On the other hand, our pattern could be made to accept constant declarations as well using Modifiers = Modifiers.Any in the pattern's initializer. 

This makes pattern matching a great tool when implementing refactorings, as your refactoring won't accidentally touch cases you haven't thought about. In my experience working on ILSpy, it is much easier to write patterns than to write the code that manually checks all the boundary conditions.

Summary

This concludes our discussion of syntax trees. If you want to know more, please download the demo application. It is a great tool for learning how NRefactory represents a given piece of C# code.

Type System 

Before we can talk about semantic analysis of C# code, we will need to provide NRefactory with the necessary information. A C# code file cannot be analyzed on its own; we need to know which classes and methods exist. This depends on other code files in the same project, and on the referenced assemblies and projects. In NRefactory, all this information taken together is called the type system it contains not only types, but also methods/properties/event and fields.

There actually are two type systems in NRefactory: the unresolved type system and the resolved type system.
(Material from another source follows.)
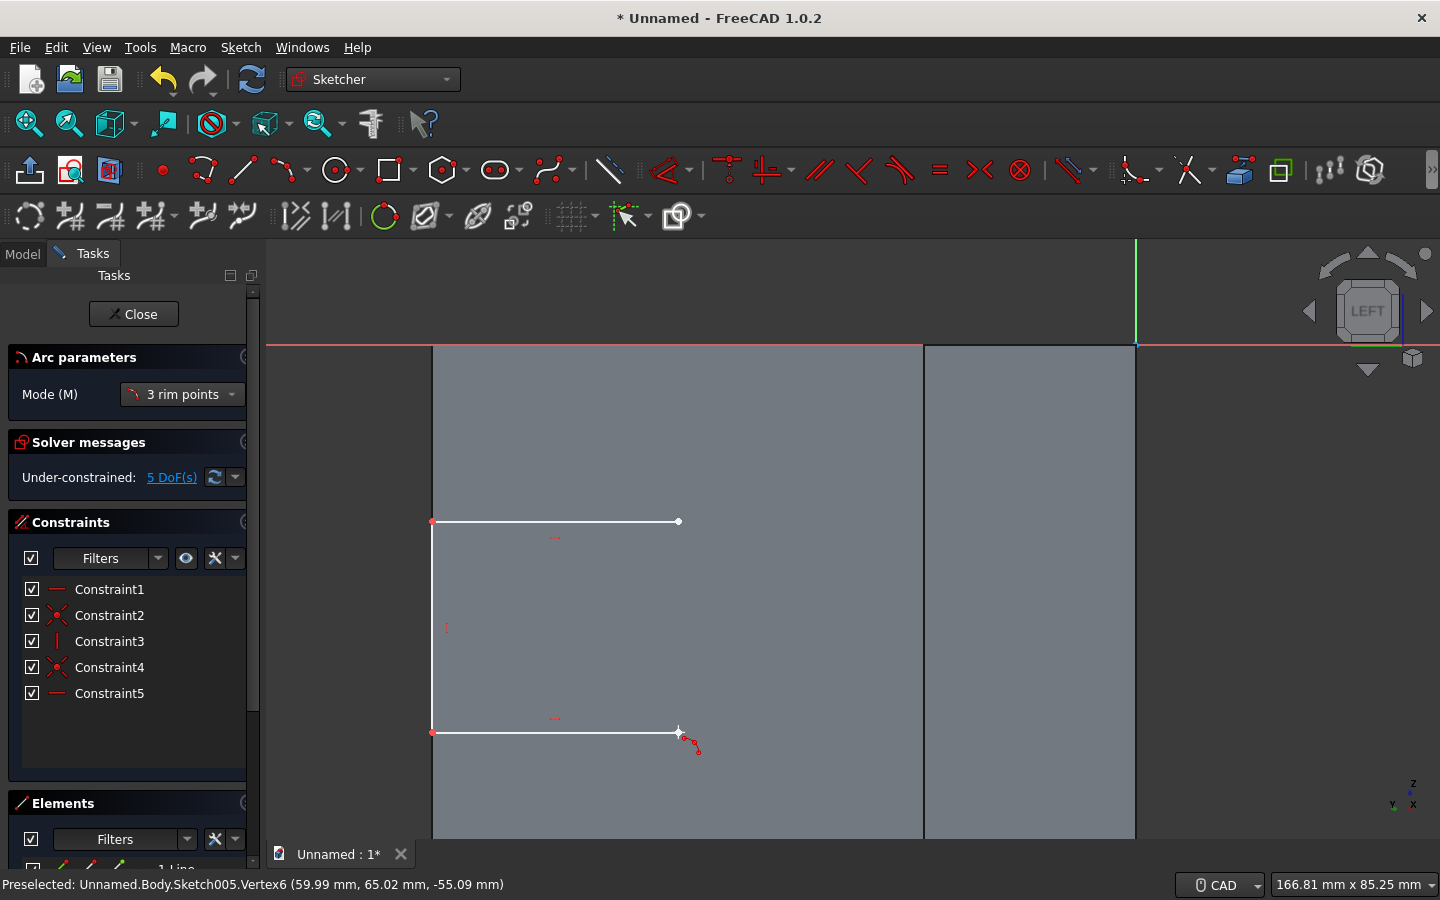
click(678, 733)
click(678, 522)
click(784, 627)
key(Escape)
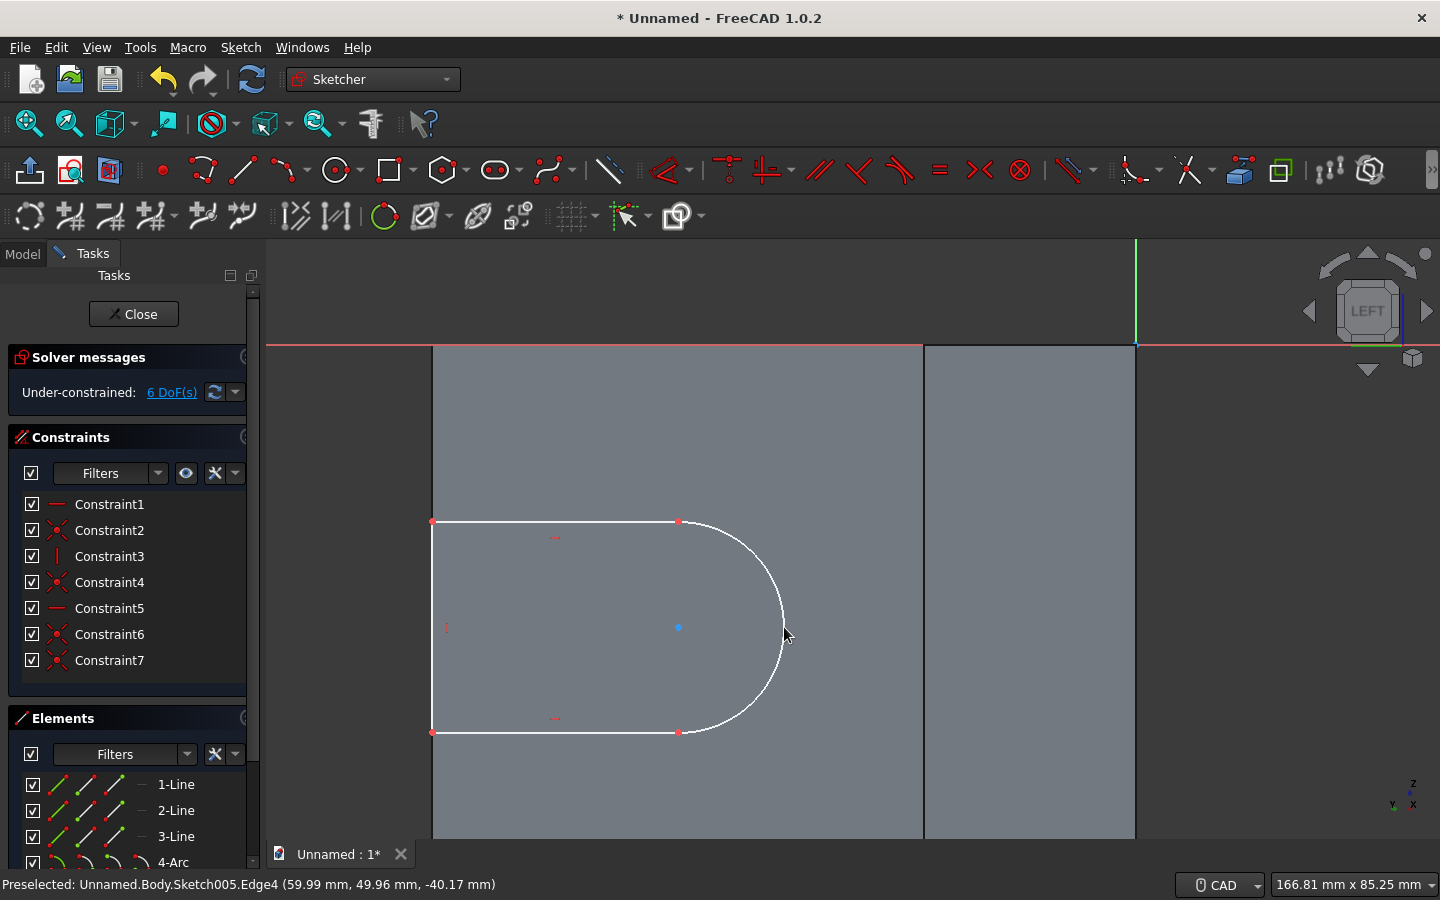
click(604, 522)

The unresolved type system is intended as a kind of "staging ground" for building a type system. The unresolved type system essentially contains the same information as the declarations in the syntax tree, but represents it using language-independent interfaces. It does not contain any information about method bodies, and is significantly more memory-efficient than keeping all syntax trees around. 

This diagram shows the architecture of NRefactory with its two type systems:  

Red boxes signify that the API is language-independent; blue boxes signify C#-specific APIs. Currently C# is the only language supported by NRefactory 5, but we plan to add VB support in the future.

Note that the unresolved type system is serializable (using either .NET BinaryFormatter or the FastSerializer included in NRefactory); this is used in SharpDevelop and MonoDevelop to speed up loading solutions (parsing the whole project takes a bit time on my machine, NRefactory parses 70,000 lines per second).  

What's In the Type System  

The type system provides roughly the same information as System.Reflection.  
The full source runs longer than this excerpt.